# [Task brief]
Reproduce every entry that follows word for word, but omit the images.

# [Provided data]
╭──
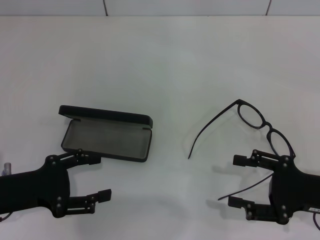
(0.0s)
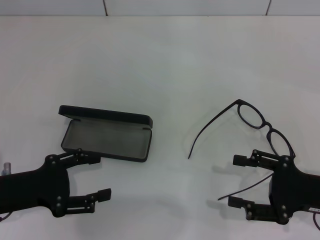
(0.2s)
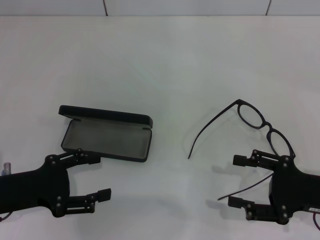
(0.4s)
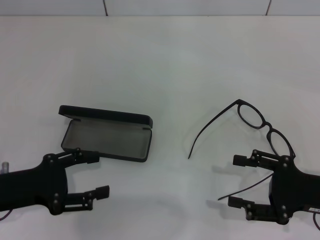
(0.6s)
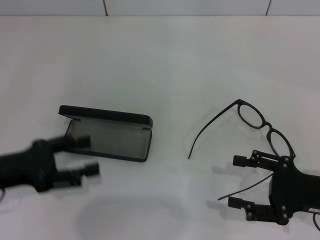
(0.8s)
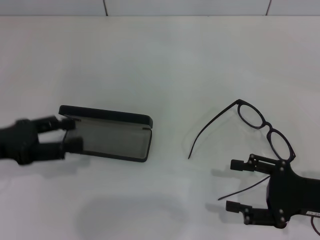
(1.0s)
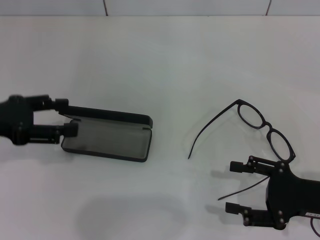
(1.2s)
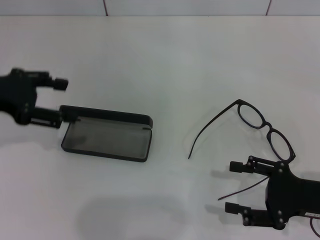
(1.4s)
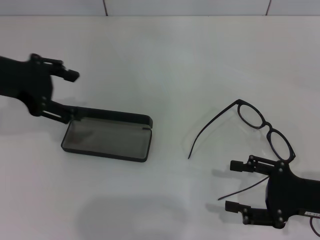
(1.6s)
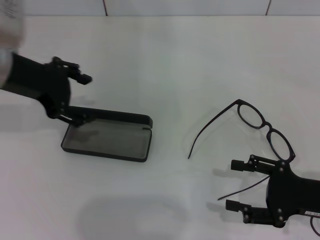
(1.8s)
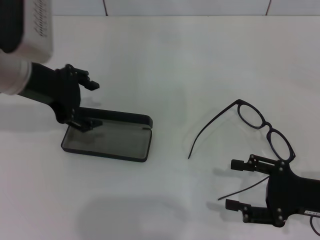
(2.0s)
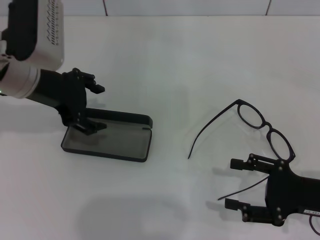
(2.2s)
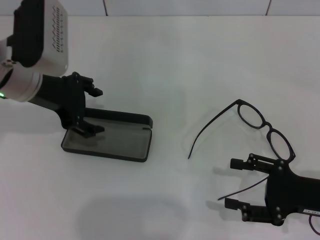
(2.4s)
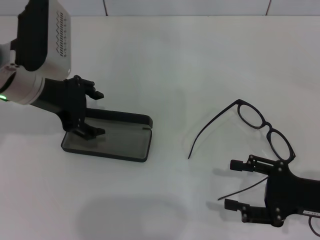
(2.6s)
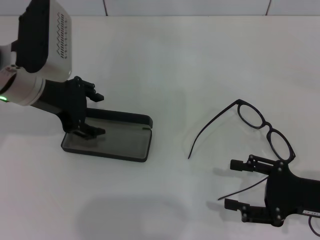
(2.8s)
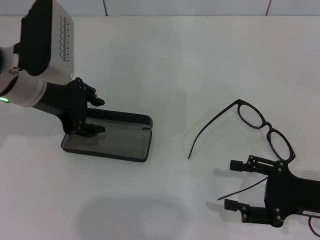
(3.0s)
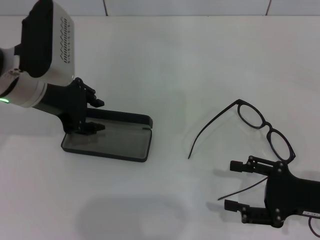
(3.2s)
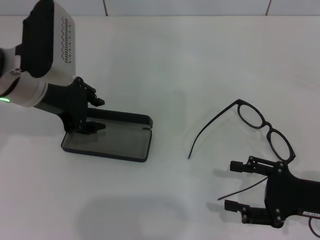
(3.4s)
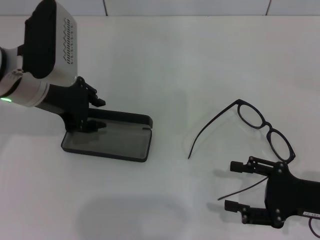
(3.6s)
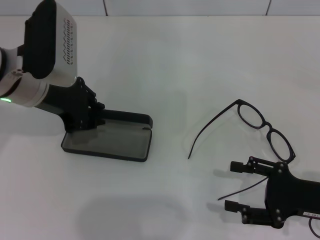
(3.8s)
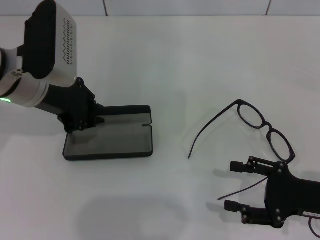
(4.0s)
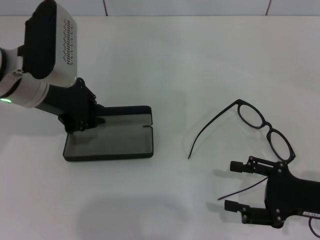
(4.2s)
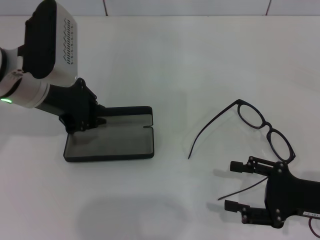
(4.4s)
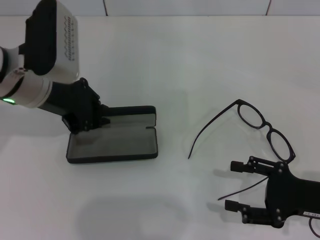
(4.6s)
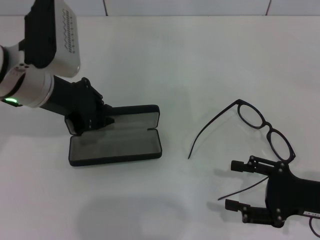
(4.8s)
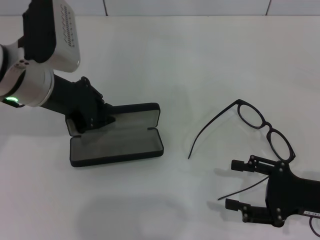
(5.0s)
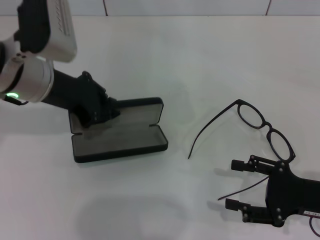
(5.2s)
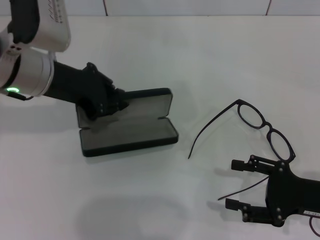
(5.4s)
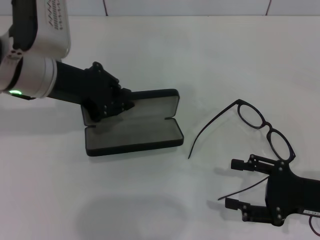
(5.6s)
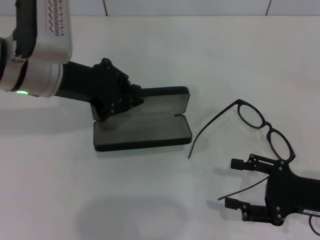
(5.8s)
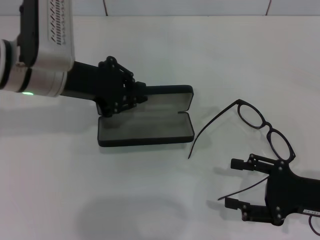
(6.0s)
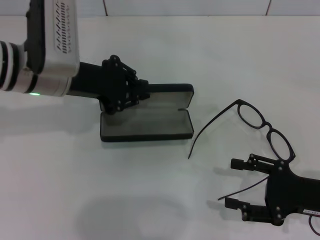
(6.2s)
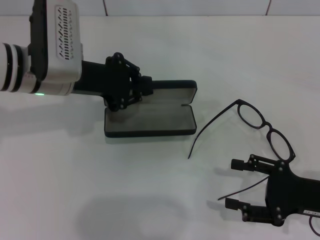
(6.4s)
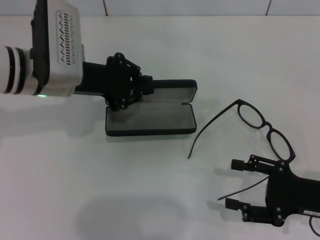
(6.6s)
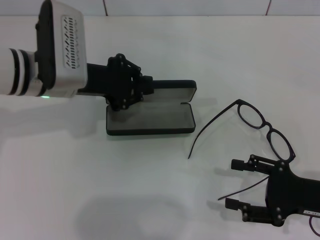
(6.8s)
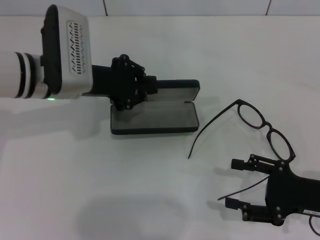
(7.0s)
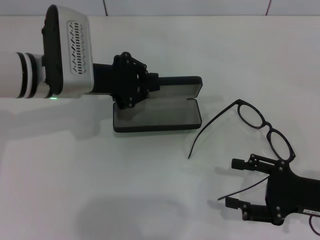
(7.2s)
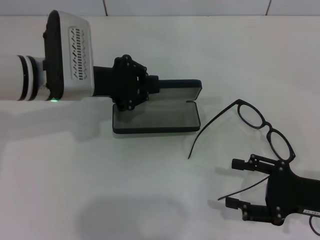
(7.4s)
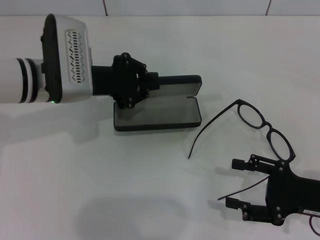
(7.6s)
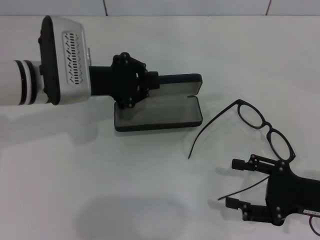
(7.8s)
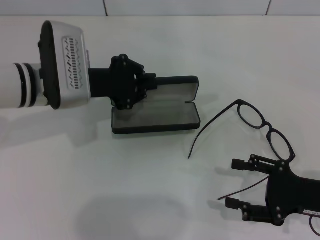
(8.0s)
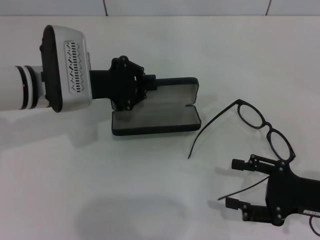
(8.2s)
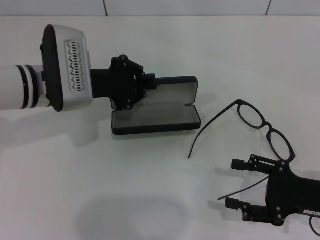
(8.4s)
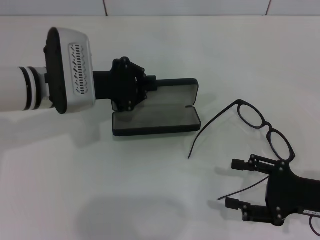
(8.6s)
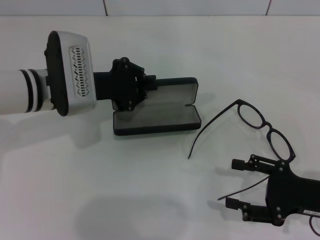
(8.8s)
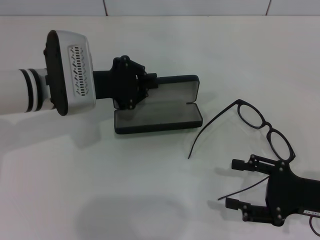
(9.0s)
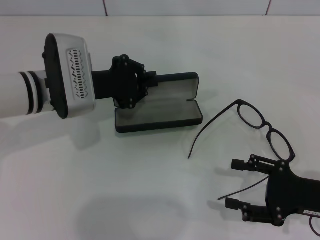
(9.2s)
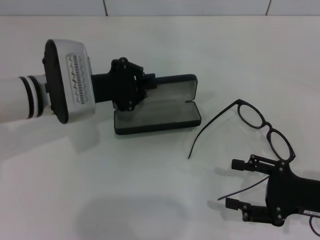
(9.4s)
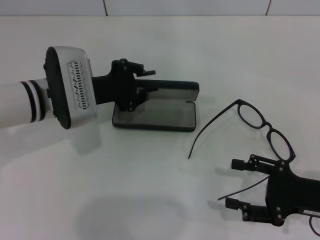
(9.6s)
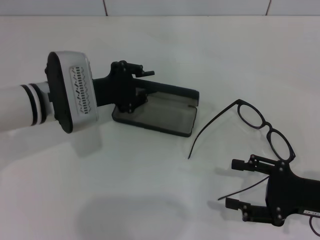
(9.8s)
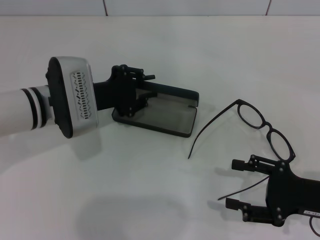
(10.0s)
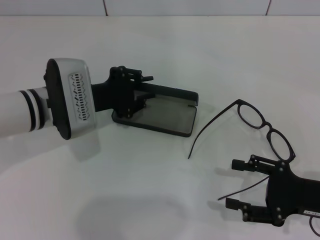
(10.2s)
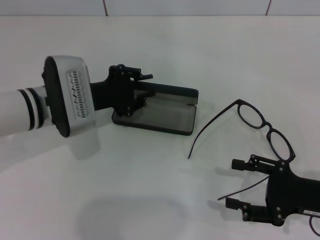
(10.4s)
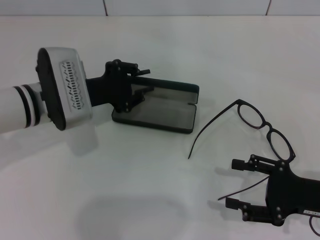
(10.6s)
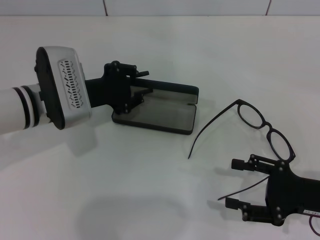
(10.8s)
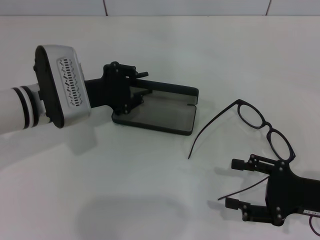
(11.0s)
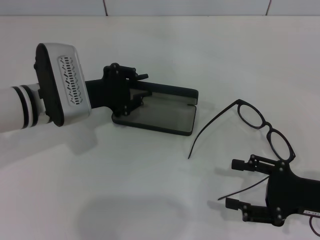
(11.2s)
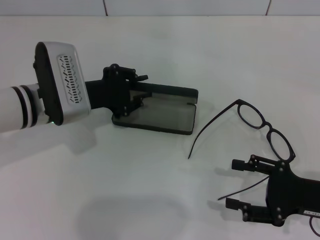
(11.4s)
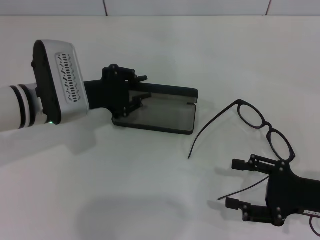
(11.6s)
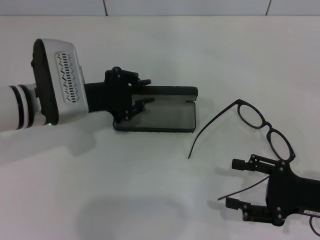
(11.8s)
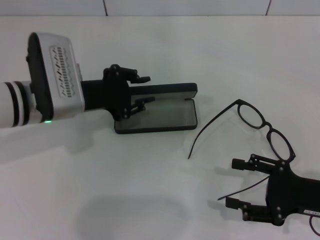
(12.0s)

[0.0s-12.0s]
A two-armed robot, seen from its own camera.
Step, 0.0s to 4.2s: Grab the glasses case with your left hand.
Step, 4.4s to 11.8s: Place the glasses case in the center of the table with your left hand.
0.0s to 1.6s: The left gripper is displaced upward and forward by approximately 20 cm.
1.6s to 3.0s: The left gripper heads to the right, covering about 5 cm.
3.0s to 4.4s: The left gripper closes up.
6.0s to 7.6s: The left gripper changes place by about 5 cm.
7.6s to 12.0s: The grippers move only a little.
╰──
# [Result of this task]
(0.0s)
(0.2s)
(0.4s)
(0.6s)
(0.8s)
(1.0s)
(1.2s)
(1.4s)
(1.6s)
(1.8s)
(2.0s)
(2.2s)
(2.4s)
(2.6s)
(2.8s)
(3.0s)
(3.2s)
(3.4s)
(3.6s)
(3.8s)
(4.0s)
(4.2s)
(4.4s)
(4.6s)
(4.8s)
(5.0s)
(5.2s)
(5.4s)
(5.6s)
(5.8s)
(6.0s)
(6.2s)
(6.4s)
(6.6s)
(6.8s)
(7.0s)
(7.2s)
(7.4s)
(7.6s)
(7.8s)
(8.0s)
(8.2s)
(8.4s)
(8.6s)
(8.8s)
(9.0s)
(9.2s)
(9.4s)
(9.6s)
(9.8s)
(10.0s)
(10.2s)
(10.4s)
(10.6s)
(10.8s)
(11.0s)
(11.2s)
(11.4s)
(11.6s)
(11.8s)
(12.0s)

[0.0s-12.0s]
A two-armed robot, seen from its own camera.
Step, 0.0s to 4.2s: Grab the glasses case with your left hand.
Step, 4.4s to 11.8s: Place the glasses case in the center of the table with your left hand.
0.0s to 1.6s: The left gripper is displaced upward and forward by approximately 20 cm.
1.6s to 3.0s: The left gripper heads to the right, covering about 5 cm.
3.0s to 4.4s: The left gripper closes up.
6.0s to 7.6s: The left gripper changes place by about 5 cm.
7.6s to 12.0s: The grippers move only a little.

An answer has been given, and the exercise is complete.